With no sign of progress on appropriations bills stalled in the Senate, the House is making plans to pass a “clean” continuing resolution that will keep the government running at least into December, a top House member said this week.

In an interview with the Capitol Hill publication Roll Call Wednesday in Philadelphia, Rep. Paul Ryan (R-WI), chairman of the House Budget Committee, said that he expected the House to take up a CR when it reconvenes in early September that will fund the government “until Dec. 11 is what we’re thinking.” That CR will be a “clean” one in the sense that it will not include any controversial policy provisions that could spark opposition from Democrats.

“We will pass a clean [continuing resolution], and if for some reason the Democrats don’t take that, then they will clearly have shut the government down,” Ryan told Roll Call.
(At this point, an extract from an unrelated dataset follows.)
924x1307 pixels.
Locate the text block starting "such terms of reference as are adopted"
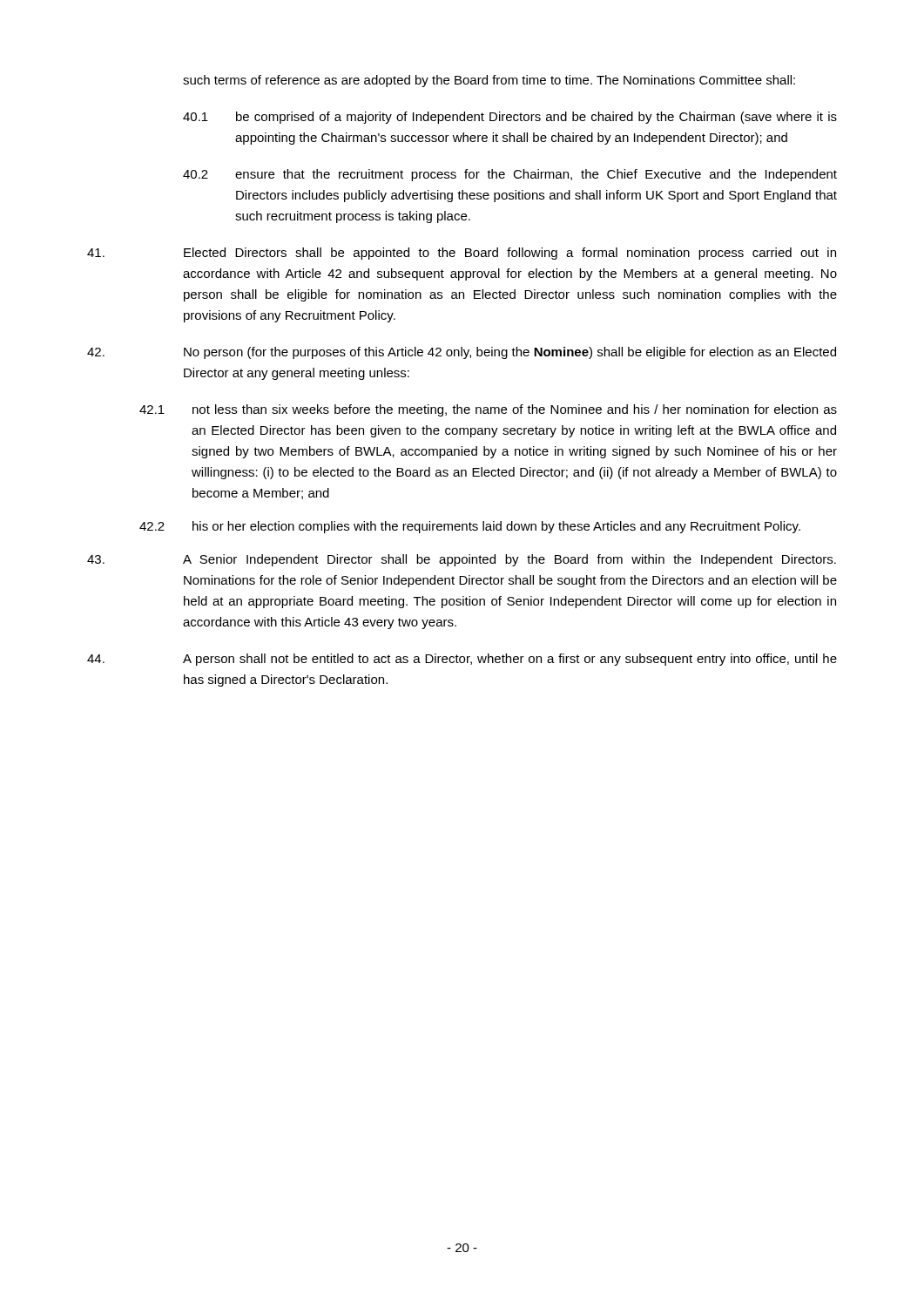tap(490, 80)

A CR appeared likely when Congress recessed at the end of July without any sign of progress on several key appropriations bills, including the Commerce, Justice, and Science (CJS) one that funds NASA and NOAA, in the Senate. The House passed its CJS appropriations bill at the end of May, but debate on the Senate’s version ground to a halt on the Senate floor in mid-June over non-NASA provisions of the bill. The Senate has yet to pass any of its appropriation bills for fiscal year 2015.

Ryan’s comments were intended to respond to claims that Republicans were planning to try and insert policy provisions into a CR that could lead to another government shutdown like the one last October. Ryan, in a new book due out next week (the tour for which brought him to Philadelphia), admitted the shutdown was a “suicide mission” for House Republicans. He added that, along with a CR, the House would support a short-term reauthorization of the Export-Import (Ex-Im) Bank through the end of the calendar year to allow more time to work out a long-term solution. Many conservatives have opposed any long-term reauthorization of Ex-Im, which, among other activities, has supported commercial satellite and launch sales.
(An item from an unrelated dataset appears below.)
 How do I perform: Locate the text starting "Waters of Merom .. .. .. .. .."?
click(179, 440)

39 comments to House gearing up for CR to last until December

  • E.P. Grondine

    “he expected the House to take up a CR when it reconvenes in early September that will fund the government “until Dec. 11 is what we’re thinking.” That CR will be a “clean” one in the sense that it will not include any controversial policy provisions that could spark opposition from Democrats.”

    If i am reading this correctly, Rep. Ryan expects either
    A) the Republicans to take control of both Houses and pass
    what they like, or
    B) to bring the economy to a halt during the Christmas shopping season.

    But in the real world, Option C always has a funny way of popping up.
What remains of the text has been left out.